_Exercise_
Print the records below exactly, from the line containing "text - No, è" down to the line containing "list Adhoc scope", both lines included, and omit every picture.

Extracted records:
+ + + + + + +
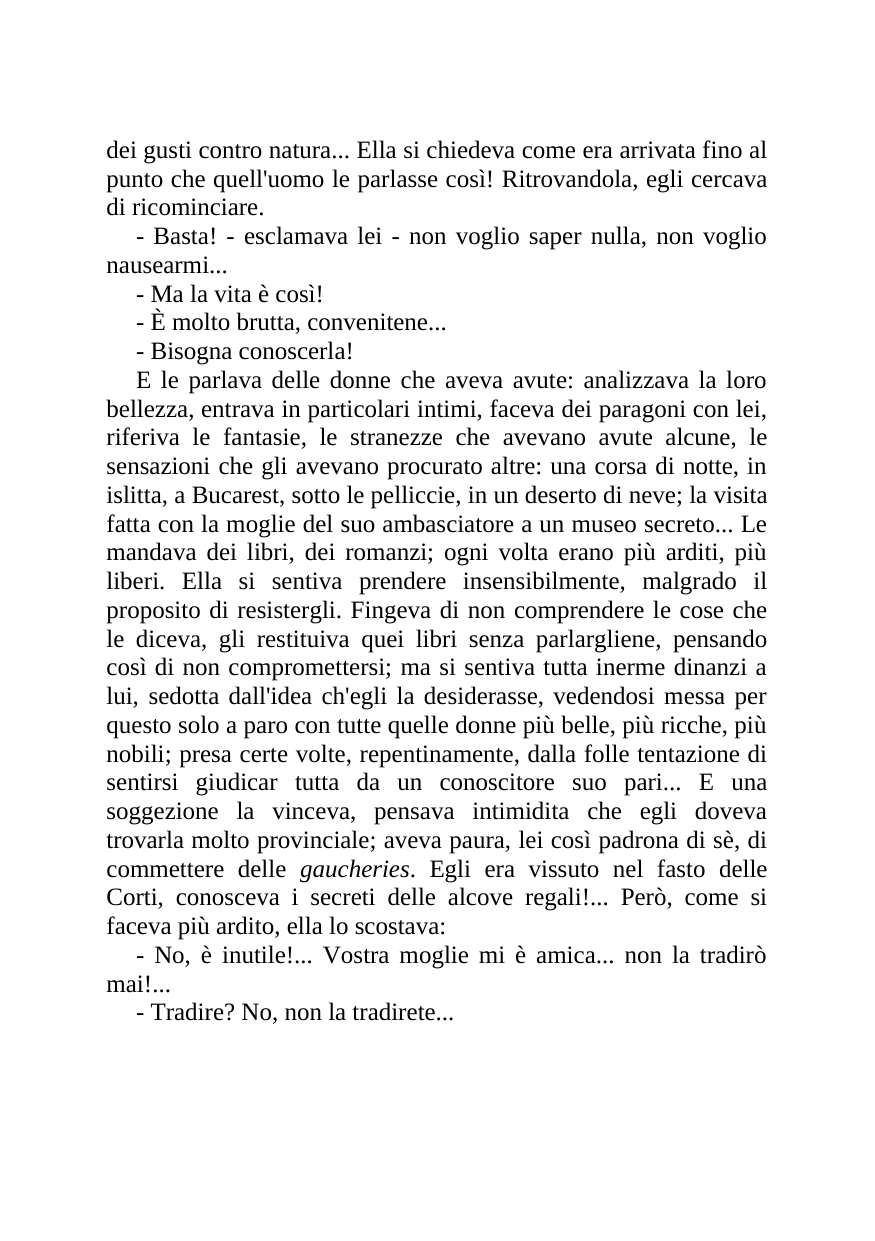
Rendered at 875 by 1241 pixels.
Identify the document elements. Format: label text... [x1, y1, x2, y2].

text - Bisogna conoscerla! [106, 336, 768, 365]
text - Basta! - esclamava lei - non voglio saper nulla, non voglio nausearmi... [106, 221, 768, 279]
text E le parlava delle donne che aveva avute: analizzava la loro bellezza, entrava in particolari intimi, faceva dei paragoni con lei, riferiva le fantasie, le stranezze che avevano avute alcune, le sensazioni che gli avevano procurato altre: una corsa di notte, in islitta, a Bucarest, sotto le pelliccie, in un deserto di neve; la visita fatta con la moglie del suo ambasciatore a un museo secreto... Le mandava dei libri, dei romanzi; ogni volta erano più arditi, più liberi. Ella si sentiva prendere insensibilmente, malgrado il proposito di resistergli. Fingeva di non comprendere le cose che le diceva, gli restituiva quei libri senza parlargliene, pensando così di non compromettersi; ma si sentiva tutta inerme dinanzi a lui, sedotta dall'idea ch'egli la desiderasse, vedendosi messa per questo solo a paro con tutte quelle donne più belle, più ricche, più nobili; presa certe volte, repentinamente, dalla folle tentazione di sentirsi giudicar tutta da un conoscitore suo pari... E una soggezione la vinceva, pensava intimidita che egli doveva trovarla molto provinciale; aveva paura, lei così padrona di sè, di commettere delle gaucheries. Egli era vissuto nel fasto delle Corti, conosceva i secreti delle alcove regali!... Però, come si faceva più ardito, ella lo scostava: [106, 365, 768, 940]
text - No, è inutile!... Vostra moglie mi è amica... non la tradirò mai!... [106, 940, 768, 997]
text - Ma la vita è così! [106, 279, 768, 307]
text - È molto brutta, convenitene... [106, 307, 768, 336]
text dei gusti contro natura... Ella si chiedeva come era arrivata fino al punto che quell'uomo le parlasse così! Ritrovandola, egli cercava di ricominciare. [106, 135, 768, 221]
text - Tradire? No, non la tradirete... [106, 997, 768, 1026]
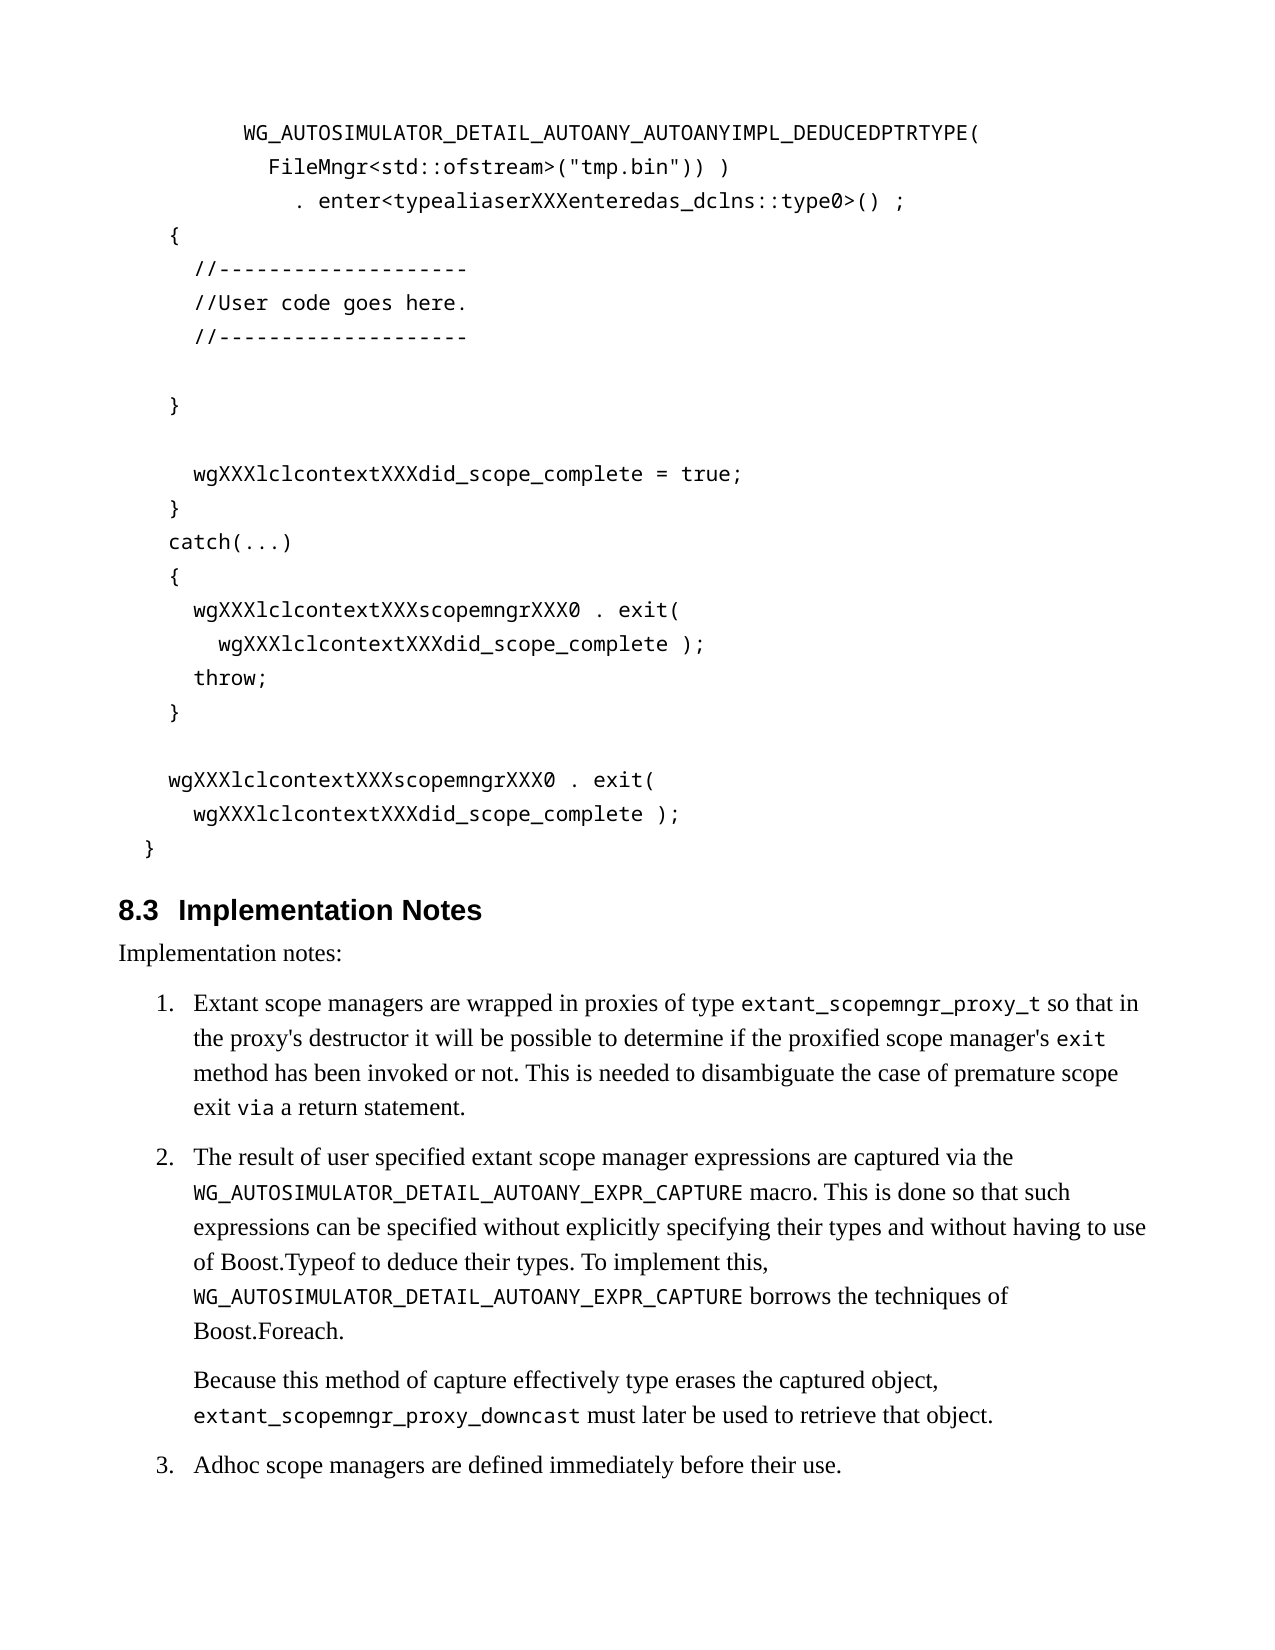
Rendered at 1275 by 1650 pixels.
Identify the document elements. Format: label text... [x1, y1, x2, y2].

list Adhoc scope managers are defined immediately before their use. [156, 1450, 1157, 1478]
list The result of user specified extant scope manager expressions are captured via the WG_AUTOSIMULATOR_DETAIL_AUTOANY_EXPR_CAPTURE macro. This is done so that such expressions can be specified without explicitly specifying their types and without having to use of Boost.Typeof to deduce their types. To implement this, WG_AUTOSIMULATOR_DETAIL_AUTOANY_EXPR_CAPTURE borrows the techniques of Boost.Foreach. [156, 1142, 1157, 1345]
list Because this method of capture effectively type erases the captured object, extant_scopemngr_proxy_downcast must later be used to retrieve that object. [156, 1365, 1157, 1429]
text Implementation notes: [118, 938, 1157, 967]
subtitle Implementation Notes [118, 892, 1157, 926]
list Extant scope managers are wrapped in proxies of type extant_scopemngr_proxy_t so that in the proxy's destructor it will be possible to determine if the proxified scope manager's exit method has been invoked or not. This is needed to disambiguate the case of premature scope exit via a return statement. [156, 988, 1157, 1122]
text WG_AUTOSIMULATOR_DETAIL_AUTOANY_AUTOANYIMPL_DEDUCEDPTRTYPE( FileMngr<std::ofstream>("tmp.bin")) ) . enter<typealiaserXXXenteredas_dclns::type0>() ; { //-------------------- //User code goes here. //-------------------- } wgXXXlclcontextXXXdid_scope_complete = true; } catch(...) { wgXXXlclcontextXXXscopemngrXXX0 . exit( wgXXXlclcontextXXXdid_scope_complete ); throw; } wgXXXlclcontextXXXscopemngrXXX0 . exit( wgXXXlclcontextXXXdid_scope_complete ); } [118, 118, 1157, 862]
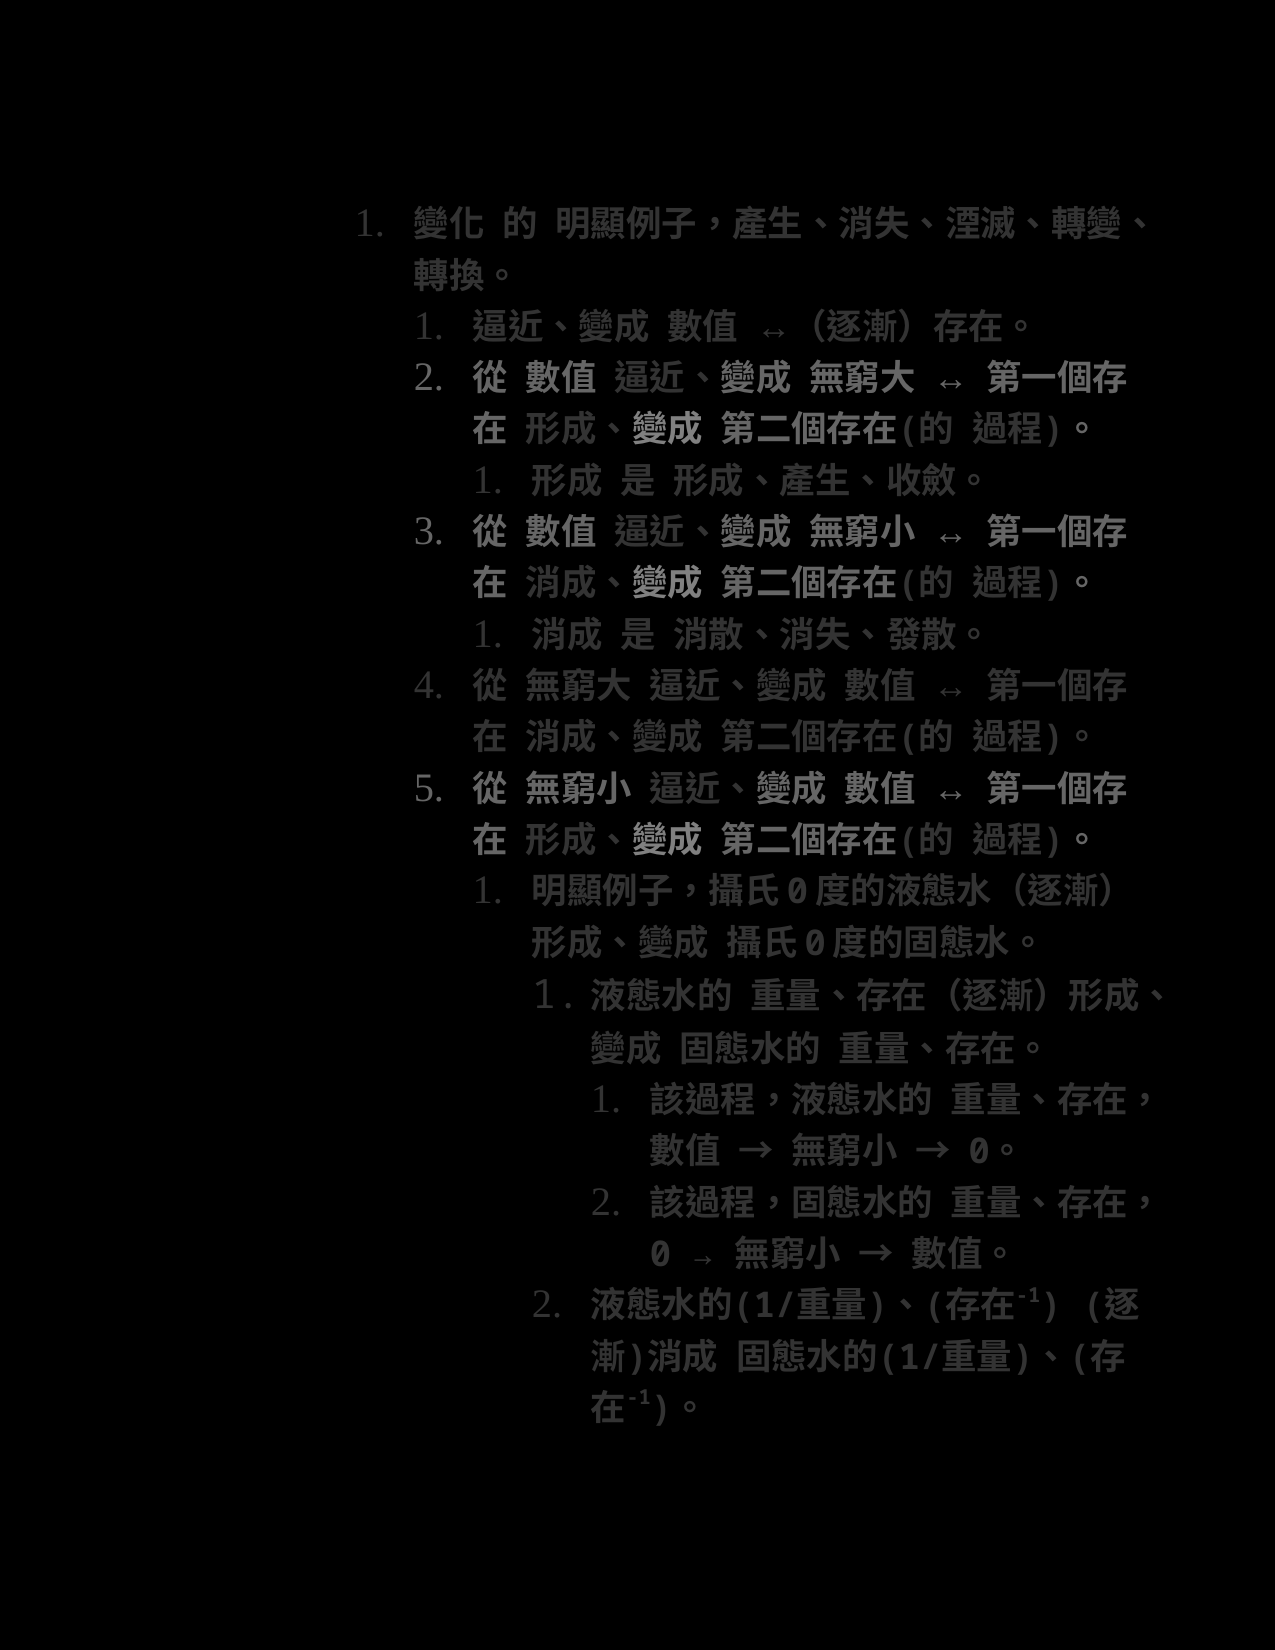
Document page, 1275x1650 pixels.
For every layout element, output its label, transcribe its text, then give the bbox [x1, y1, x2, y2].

list 從 數值 逼近、變成 無窮大 ↔ 第一個存在 形成、變成 第二個存在(的 過程)。 [413, 349, 1157, 452]
list 從 無窮小 逼近、變成 數值 ↔ 第一個存在 形成、變成 第二個存在(的 過程)。 [413, 760, 1157, 862]
list 從 數值 逼近、變成 無窮小 ↔ 第一個存在 消成、變成 第二個存在(的 過程)。 [413, 503, 1157, 606]
list 該過程，固態水的 重量、存在，0 → 無窮小 → 數值。 [591, 1174, 1157, 1277]
list 消成 是 消散、消失、發散。 [472, 606, 1157, 657]
list 變化 的 明顯例子，產生、消失、湮滅、轉變、轉換。 [354, 196, 1157, 298]
list 逼近、變成 數值 ↔（逐漸）存在。 [413, 298, 1157, 349]
list 液態水的(1/重量)、(存在-1) (逐漸)消成 固態水的(1/重量)、(存在-1)。 [532, 1277, 1157, 1431]
list 形成 是 形成、產生、收斂。 [472, 452, 1157, 503]
list 從 無窮大 逼近、變成 數值 ↔ 第一個存在 消成、變成 第二個存在(的 過程)。 [413, 657, 1157, 760]
list 明顯例子，攝氏0度的液態水（逐漸）形成、變成 攝氏0度的固態水。 [472, 862, 1157, 965]
list 液態水的 重量、存在（逐漸）形成、變成 固態水的 重量、存在。 [532, 965, 1157, 1072]
list 該過程，液態水的 重量、存在，數值 → 無窮小 → 0。 [591, 1072, 1157, 1174]
+ + + + + + +
_Exercise solution_
text - No, è inutile!... Vostra moglie mi è amica... non la tradirò mai!... [106, 940, 768, 997]
text - Ma la vita è così! [106, 279, 768, 307]
text - È molto brutta, convenitene... [106, 307, 768, 336]
text dei gusti contro natura... Ella si chiedeva come era arrivata fino al punto che quell'uomo le parlasse così! Ritrovandola, egli cercava di ricominciare. [106, 135, 768, 221]
text - Tradire? No, non la tradirete... [106, 997, 768, 1026]
Rendered at 1275 by 1650 pixels.
Identify the document elements. Format: label text... [x1, y1, x2, y2].

list Adhoc scope managers are defined immediately before their use. [156, 1450, 1157, 1478]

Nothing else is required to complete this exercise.